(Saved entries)
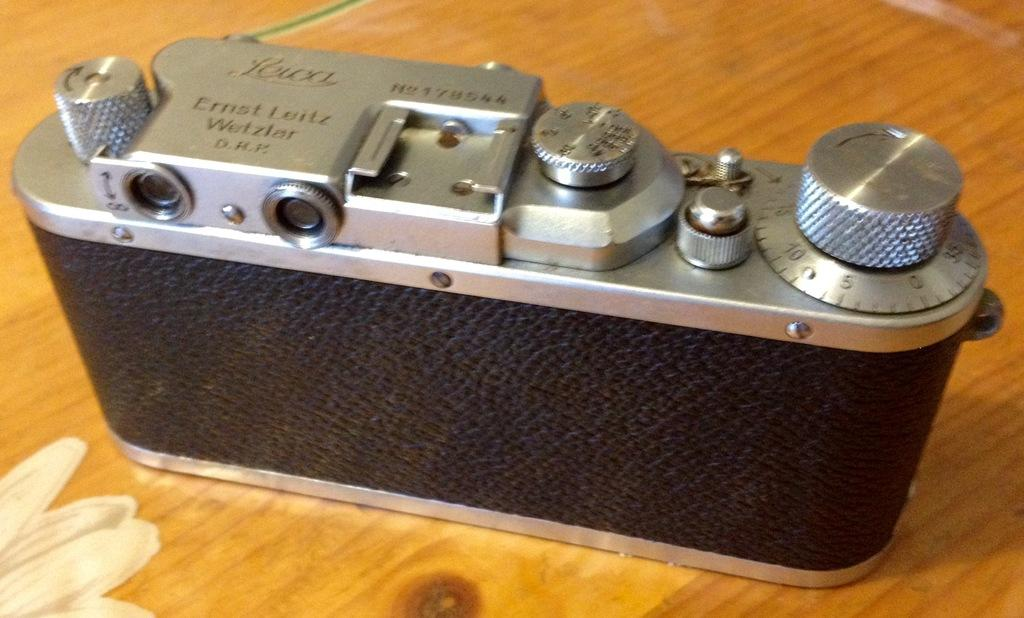What object is the main subject of the image? There is a camera in the image. Where is the camera located? The camera is on a table. Can you see a duck playing basketball in the image? No, there is no duck or basketball present in the image. 
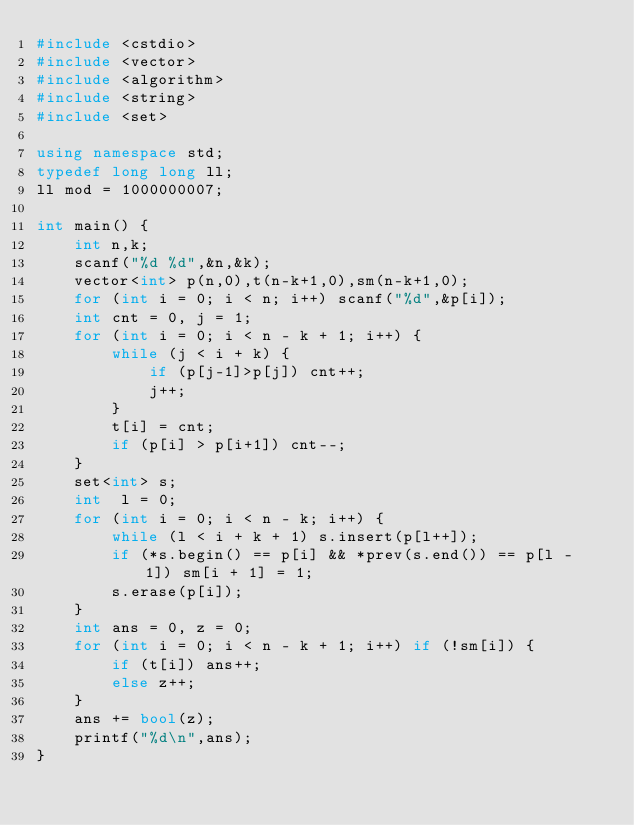Convert code to text. <code><loc_0><loc_0><loc_500><loc_500><_C++_>#include <cstdio>
#include <vector>
#include <algorithm>
#include <string>
#include <set>

using namespace std;
typedef long long ll;
ll mod = 1000000007;

int main() {
    int n,k;
    scanf("%d %d",&n,&k);
    vector<int> p(n,0),t(n-k+1,0),sm(n-k+1,0);
    for (int i = 0; i < n; i++) scanf("%d",&p[i]);
    int cnt = 0, j = 1;
    for (int i = 0; i < n - k + 1; i++) {
        while (j < i + k) {
            if (p[j-1]>p[j]) cnt++;
            j++;
        }
        t[i] = cnt;
        if (p[i] > p[i+1]) cnt--;
    }
    set<int> s;
    int  l = 0;
    for (int i = 0; i < n - k; i++) {
        while (l < i + k + 1) s.insert(p[l++]);
        if (*s.begin() == p[i] && *prev(s.end()) == p[l - 1]) sm[i + 1] = 1;
        s.erase(p[i]);
    }
    int ans = 0, z = 0;
    for (int i = 0; i < n - k + 1; i++) if (!sm[i]) {
        if (t[i]) ans++;
        else z++;
    }
    ans += bool(z);
    printf("%d\n",ans);
}</code> 
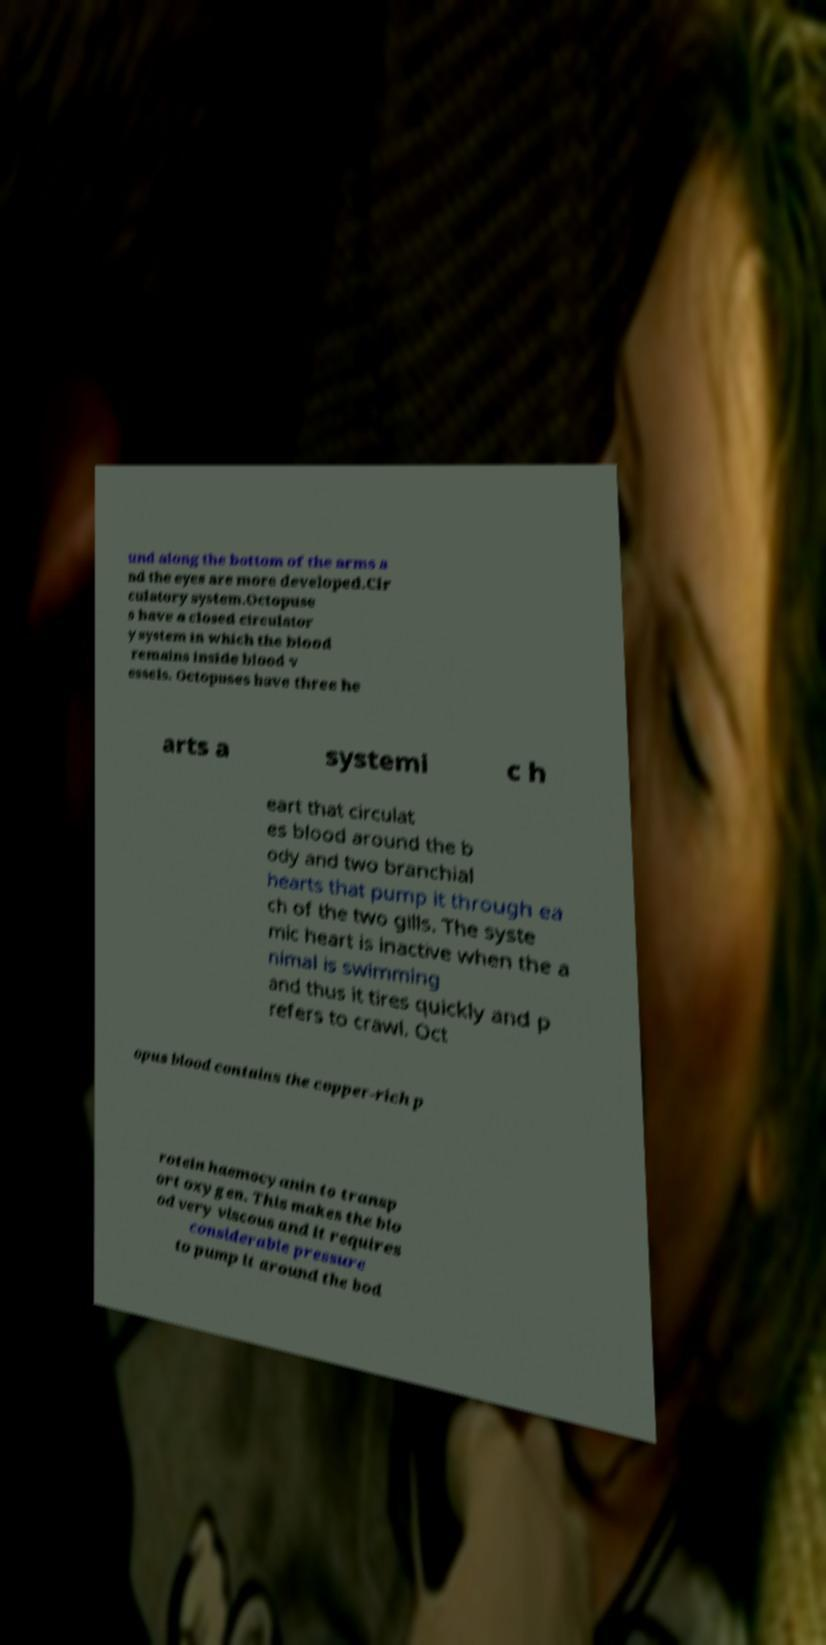What messages or text are displayed in this image? I need them in a readable, typed format. und along the bottom of the arms a nd the eyes are more developed.Cir culatory system.Octopuse s have a closed circulator y system in which the blood remains inside blood v essels. Octopuses have three he arts a systemi c h eart that circulat es blood around the b ody and two branchial hearts that pump it through ea ch of the two gills. The syste mic heart is inactive when the a nimal is swimming and thus it tires quickly and p refers to crawl. Oct opus blood contains the copper-rich p rotein haemocyanin to transp ort oxygen. This makes the blo od very viscous and it requires considerable pressure to pump it around the bod 
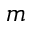<formula> <loc_0><loc_0><loc_500><loc_500>m</formula> 
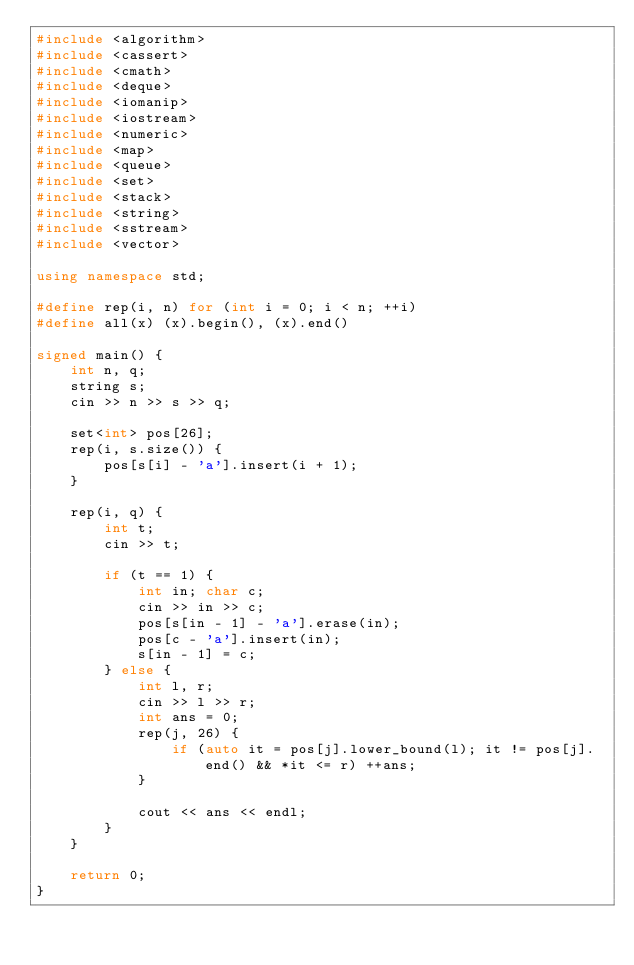Convert code to text. <code><loc_0><loc_0><loc_500><loc_500><_C++_>#include <algorithm>
#include <cassert>
#include <cmath>
#include <deque>
#include <iomanip>
#include <iostream>
#include <numeric>
#include <map>
#include <queue>
#include <set>
#include <stack>
#include <string>
#include <sstream>
#include <vector>

using namespace std;

#define rep(i, n) for (int i = 0; i < n; ++i)
#define all(x) (x).begin(), (x).end()

signed main() {
    int n, q;
    string s;
    cin >> n >> s >> q;

    set<int> pos[26];
    rep(i, s.size()) {
        pos[s[i] - 'a'].insert(i + 1);
    }

    rep(i, q) {
        int t;
        cin >> t;

        if (t == 1) {
            int in; char c;
            cin >> in >> c;
            pos[s[in - 1] - 'a'].erase(in);
            pos[c - 'a'].insert(in);
            s[in - 1] = c;
        } else {
            int l, r;
            cin >> l >> r;
            int ans = 0;
            rep(j, 26) {
                if (auto it = pos[j].lower_bound(l); it != pos[j].end() && *it <= r) ++ans;
            }

            cout << ans << endl;
        }
    } 

    return 0;
}</code> 
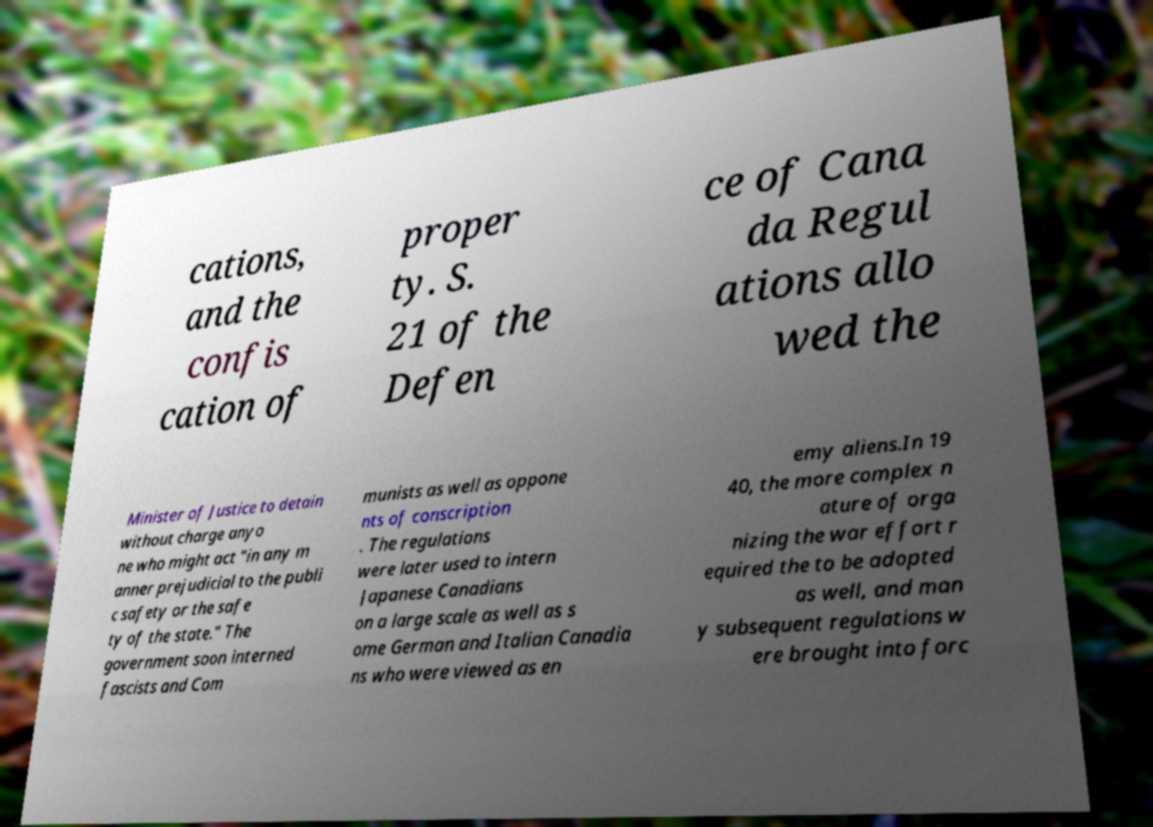What messages or text are displayed in this image? I need them in a readable, typed format. cations, and the confis cation of proper ty. S. 21 of the Defen ce of Cana da Regul ations allo wed the Minister of Justice to detain without charge anyo ne who might act "in any m anner prejudicial to the publi c safety or the safe ty of the state." The government soon interned fascists and Com munists as well as oppone nts of conscription . The regulations were later used to intern Japanese Canadians on a large scale as well as s ome German and Italian Canadia ns who were viewed as en emy aliens.In 19 40, the more complex n ature of orga nizing the war effort r equired the to be adopted as well, and man y subsequent regulations w ere brought into forc 
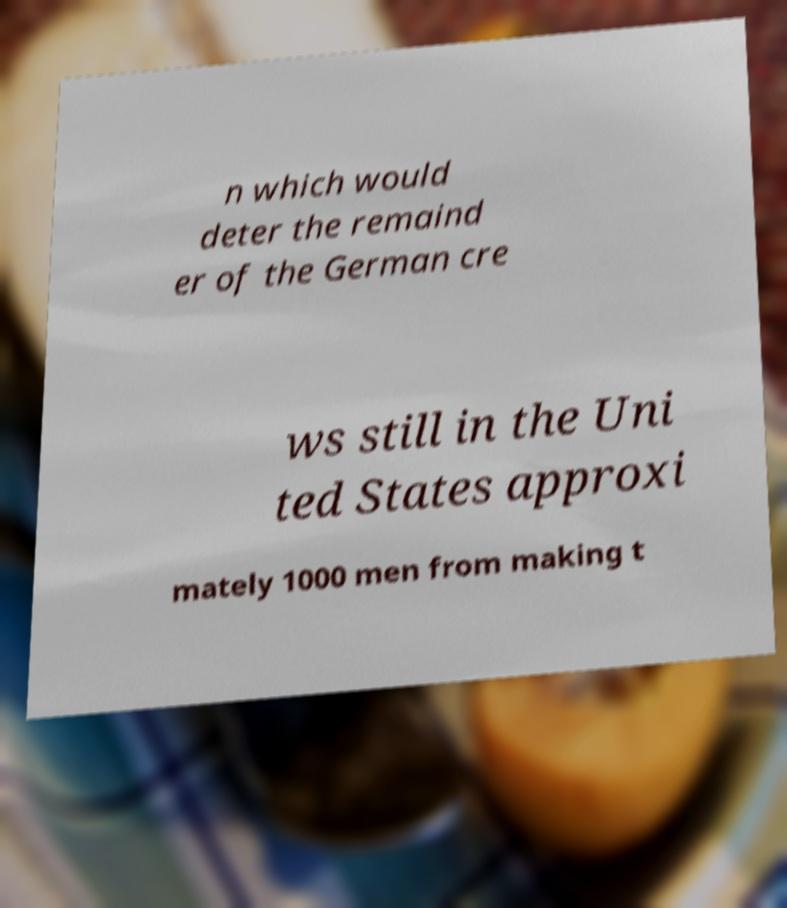I need the written content from this picture converted into text. Can you do that? n which would deter the remaind er of the German cre ws still in the Uni ted States approxi mately 1000 men from making t 
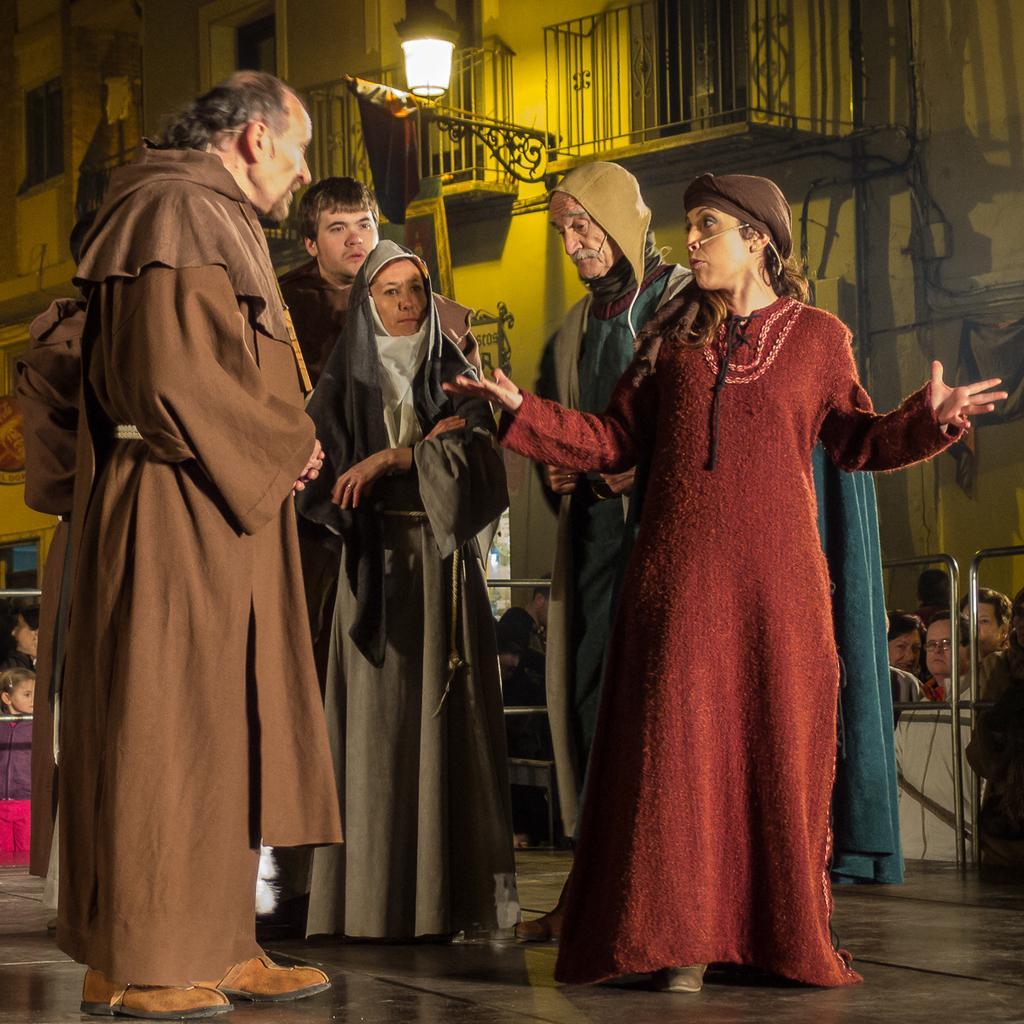How would you summarize this image in a sentence or two? In this picture, there are people wearing ancient costumes. Among them, there are two woman and remaining are men. At the bottom left and right, there are people. On the top, there is a building with hand-grill and light. 
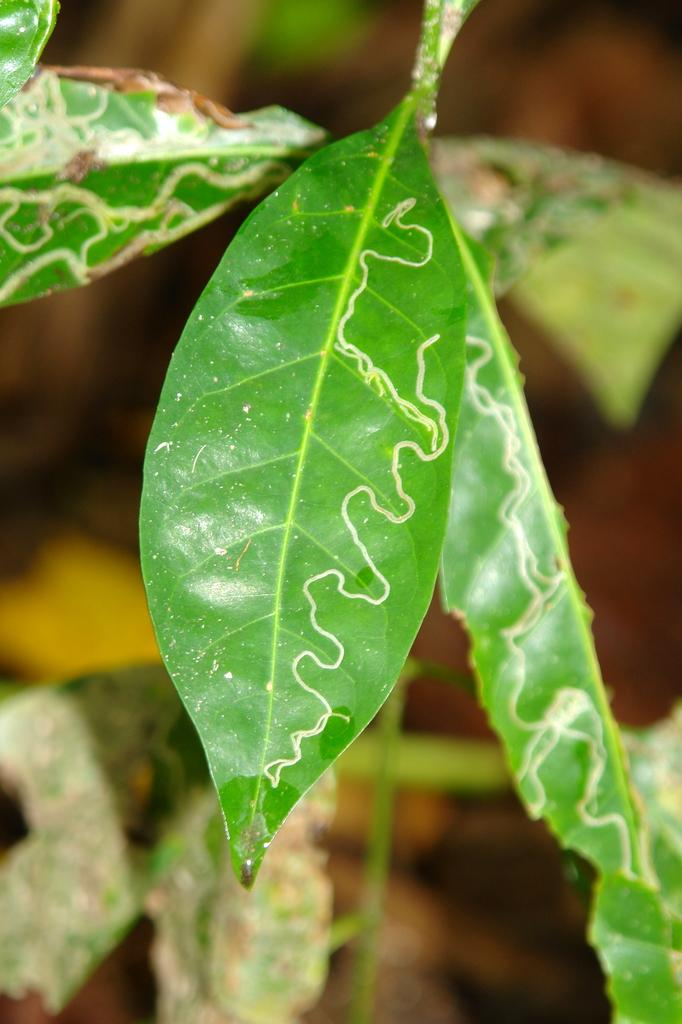What type of natural elements can be seen in the image? There are leaves in the image. What color are the lines in the image? The lines in the image are brown. Can you compare the leaves in the image to the leaves of a friend's favorite tree? There is no information about a friend's favorite tree in the image, so it cannot be compared. 
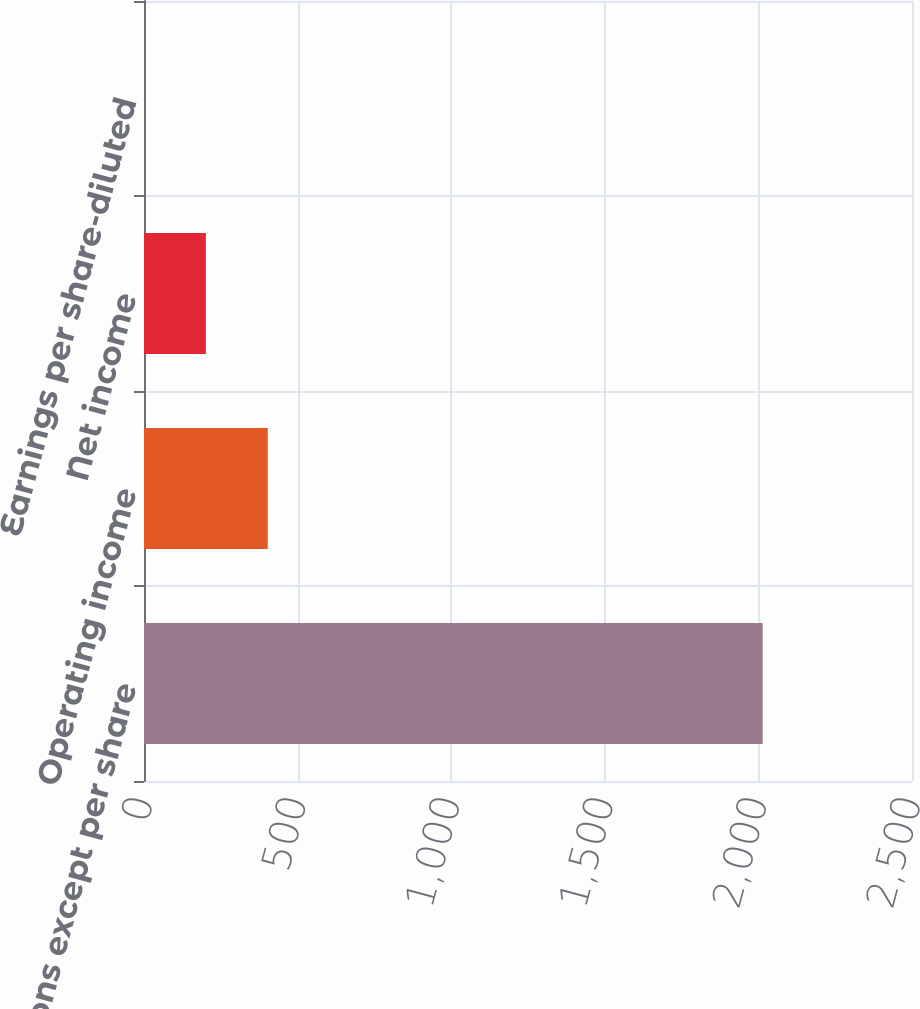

[EXERCISE GOAL]: Print all of the entries word for word. Omit the pictures they contain.

[RESULT OF THE EXERCISE]:
What object is the main subject of the image? There is a camera in the image. Where is the camera located? The camera is on a table. Can you see a duck playing basketball in the image? No, there is no duck or basketball present in the image. 
Convert code to text. <code><loc_0><loc_0><loc_500><loc_500><_C++_>#include <cstdio>
#include <vector>
#include <algorithm>
#include <string>
#include <set>

using namespace std;
typedef long long ll;
ll mod = 1000000007;

int main() {
    int n,k;
    scanf("%d %d",&n,&k);
    vector<int> p(n,0),t(n-k+1,0),sm(n-k+1,0);
    for (int i = 0; i < n; i++) scanf("%d",&p[i]);
    int cnt = 0, j = 1;
    for (int i = 0; i < n - k + 1; i++) {
        while (j < i + k) {
            if (p[j-1]>p[j]) cnt++;
            j++;
        }
        t[i] = cnt;
        if (p[i] > p[i+1]) cnt--;
    }
    set<int> s;
    int  l = 0;
    for (int i = 0; i < n - k; i++) {
        while (l < i + k + 1) s.insert(p[l++]);
        if (*s.begin() == p[i] && *prev(s.end()) == p[l - 1]) sm[i + 1] = 1;
        s.erase(p[i]);
    }
    int ans = 0, z = 0;
    for (int i = 0; i < n - k + 1; i++) if (!sm[i]) {
        if (t[i]) ans++;
        else z++;
    }
    ans += bool(z);
    printf("%d\n",ans);
}</code> 
What messages or text are displayed in this image? I need them in a readable, typed format. und along the bottom of the arms a nd the eyes are more developed.Cir culatory system.Octopuse s have a closed circulator y system in which the blood remains inside blood v essels. Octopuses have three he arts a systemi c h eart that circulat es blood around the b ody and two branchial hearts that pump it through ea ch of the two gills. The syste mic heart is inactive when the a nimal is swimming and thus it tires quickly and p refers to crawl. Oct opus blood contains the copper-rich p rotein haemocyanin to transp ort oxygen. This makes the blo od very viscous and it requires considerable pressure to pump it around the bod 
<formula> <loc_0><loc_0><loc_500><loc_500>m</formula> 
Convert code to text. <code><loc_0><loc_0><loc_500><loc_500><_C++_>#include <algorithm>
#include <cassert>
#include <cmath>
#include <deque>
#include <iomanip>
#include <iostream>
#include <numeric>
#include <map>
#include <queue>
#include <set>
#include <stack>
#include <string>
#include <sstream>
#include <vector>

using namespace std;

#define rep(i, n) for (int i = 0; i < n; ++i)
#define all(x) (x).begin(), (x).end()

signed main() {
    int n, q;
    string s;
    cin >> n >> s >> q;

    set<int> pos[26];
    rep(i, s.size()) {
        pos[s[i] - 'a'].insert(i + 1);
    }

    rep(i, q) {
        int t;
        cin >> t;

        if (t == 1) {
            int in; char c;
            cin >> in >> c;
            pos[s[in - 1] - 'a'].erase(in);
            pos[c - 'a'].insert(in);
            s[in - 1] = c;
        } else {
            int l, r;
            cin >> l >> r;
            int ans = 0;
            rep(j, 26) {
                if (auto it = pos[j].lower_bound(l); it != pos[j].end() && *it <= r) ++ans;
            }

            cout << ans << endl;
        }
    } 

    return 0;
}</code> 
What messages or text are displayed in this image? I need them in a readable, typed format. cations, and the confis cation of proper ty. S. 21 of the Defen ce of Cana da Regul ations allo wed the Minister of Justice to detain without charge anyo ne who might act "in any m anner prejudicial to the publi c safety or the safe ty of the state." The government soon interned fascists and Com munists as well as oppone nts of conscription . The regulations were later used to intern Japanese Canadians on a large scale as well as s ome German and Italian Canadia ns who were viewed as en emy aliens.In 19 40, the more complex n ature of orga nizing the war effort r equired the to be adopted as well, and man y subsequent regulations w ere brought into forc 
I need the written content from this picture converted into text. Can you do that? n which would deter the remaind er of the German cre ws still in the Uni ted States approxi mately 1000 men from making t 
How would you summarize this image in a sentence or two? In this picture, there are people wearing ancient costumes. Among them, there are two woman and remaining are men. At the bottom left and right, there are people. On the top, there is a building with hand-grill and light. 
What type of natural elements can be seen in the image? There are leaves in the image. What color are the lines in the image? The lines in the image are brown. Can you compare the leaves in the image to the leaves of a friend's favorite tree? There is no information about a friend's favorite tree in the image, so it cannot be compared. 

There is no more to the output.